ACTIVITY: Where an entry contains a picture, omit the picture and repeat the rest exactly.

Source data:
########################################
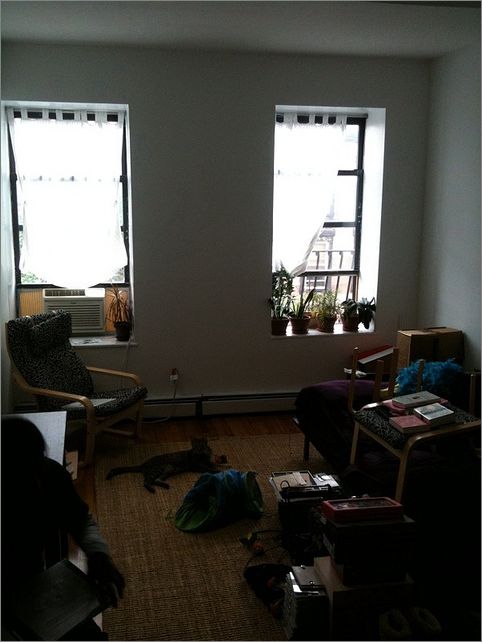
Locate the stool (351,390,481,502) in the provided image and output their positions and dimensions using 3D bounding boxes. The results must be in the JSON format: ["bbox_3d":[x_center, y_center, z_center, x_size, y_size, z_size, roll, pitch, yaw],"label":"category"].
[{"bbox_3d":[0.815,0.584,2.540,0.450,0.388,0.570,-1,8,-13],"label":"stool"}]

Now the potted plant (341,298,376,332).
[{"bbox_3d":[0.946,-0.070,4.337,0.244,0.223,0.239,-5,9,-21],"label":"potted plant"}]

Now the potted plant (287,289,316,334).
[{"bbox_3d":[0.479,-0.070,4.256,0.142,0.333,0.136,12,19,40],"label":"potted plant"}]

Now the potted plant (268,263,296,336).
[{"bbox_3d":[0.331,-0.152,4.249,0.146,0.515,0.245,5,8,33],"label":"potted plant"}]

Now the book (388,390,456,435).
[{"bbox_3d":[0.803,0.414,2.409,0.161,0.043,0.174,-8,17,-13],"label":"book"}]

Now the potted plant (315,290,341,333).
[{"bbox_3d":[0.715,-0.076,4.377,0.197,0.314,0.236,1,7,2],"label":"potted plant"}]

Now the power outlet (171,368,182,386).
[{"bbox_3d":[-0.502,0.422,4.037,0.087,0.182,0.093,-2,15,-12],"label":"power outlet"}]
########################################
PROBLEM SOLUTION:
Locate the stool (351,390,481,502) in the provided image and output their positions and dimensions using 3D bounding boxes. The results must be in the JSON format: ["bbox_3d":[x_center, y_center, z_center, x_size, y_size, z_size, roll, pitch, yaw],"label":"category"].
[{"bbox_3d":[0.815,0.584,2.540,0.450,0.388,0.570,-1,8,-13],"label":"stool"}]

Now the potted plant (341,298,376,332).
[{"bbox_3d":[0.946,-0.070,4.337,0.244,0.223,0.239,-5,9,-21],"label":"potted plant"}]

Now the potted plant (287,289,316,334).
[{"bbox_3d":[0.479,-0.070,4.256,0.142,0.333,0.136,12,19,40],"label":"potted plant"}]

Now the potted plant (268,263,296,336).
[{"bbox_3d":[0.331,-0.152,4.249,0.146,0.515,0.245,5,8,33],"label":"potted plant"}]

Now the book (388,390,456,435).
[{"bbox_3d":[0.803,0.414,2.409,0.161,0.043,0.174,-8,17,-13],"label":"book"}]

Now the potted plant (315,290,341,333).
[{"bbox_3d":[0.715,-0.076,4.377,0.197,0.314,0.236,1,7,2],"label":"potted plant"}]

Now the power outlet (171,368,182,386).
[{"bbox_3d":[-0.502,0.422,4.037,0.087,0.182,0.093,-2,15,-12],"label":"power outlet"}]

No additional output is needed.